F = female; GH = recombinant human growth hormone; M = male; MO = months; NR = not reported; RP = retroperitoneum; YR = years.

Conclusion

This case and review of the literature show that the most effective treatment for hypoglycemia due to an IGF-II-secreting sarcoma is complete surgical resection. If the tumor is not resectable and diet with glucose supplementation do not address the hypoglycemia, glucocorticoids and growth hormone may help in mildly symptomatic patients. Other treatments such as chemotherapy, radiotherapy, tumor embolization and alcohol injections into the tumor have been used but seem to have little effect on hypoglycemia induced by IGF-II secreting soft tissue masses. In summary, we report a case of a 38-year-old who presents with hypoglycemia due to an IGF-II-secreting retroperitoneal undifferentiated mesenchymal tumor that was successfully treated by surgical resection.

Disclosures

No relevant conflict of interests. This work was supported by the Department of Surgery, Saint Louis University School of Medicine. This case report is compliant with the CARE Guidelines (http://www.care-statement.org/).

Conflict of interest

The authors have no disclosures or conflicts of interest related to this manuscript.

Funding

This work was supported by the Department of Surgery, Saint Louis University School of Medicine.

Ethical approval

This is not a research study which requires ethical approval.

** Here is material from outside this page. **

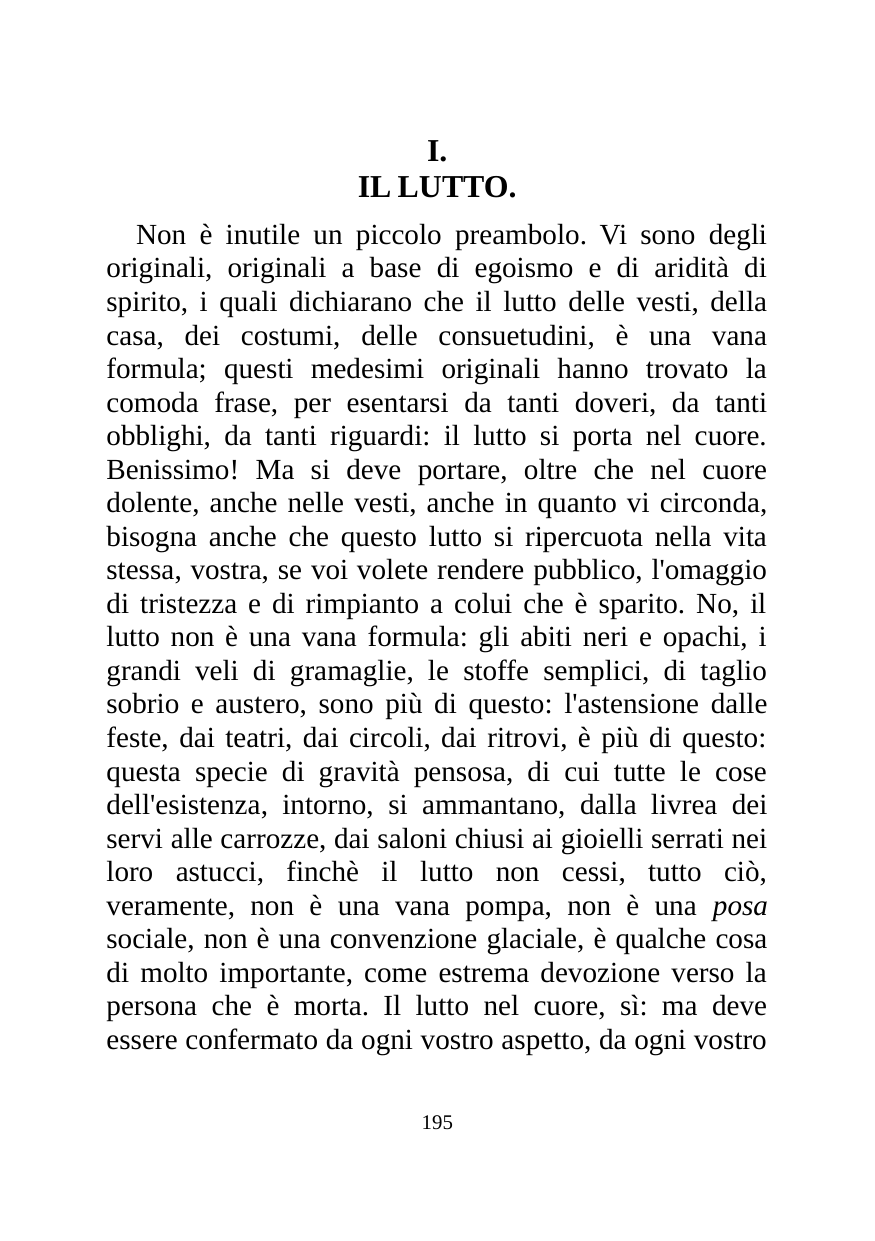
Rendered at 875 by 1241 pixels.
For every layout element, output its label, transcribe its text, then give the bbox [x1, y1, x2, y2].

So, there is no ethical approval.

Author contributions

Jennifer Hawasli drafted the manuscript, and was a resident involved in the surgical resection of the case. Eddy Hsueh was the supervising attending physician of the presented patient. Both Eddy Hsueh and Jacob Hopping were involved in assisting with the review of the literature and editing the manuscript.

Consent

Written informed consent was obtained from the patient for publication of this case report and accompanying images. A copy of the written consent is available for review by the Editor-in-Chief of this journal on request.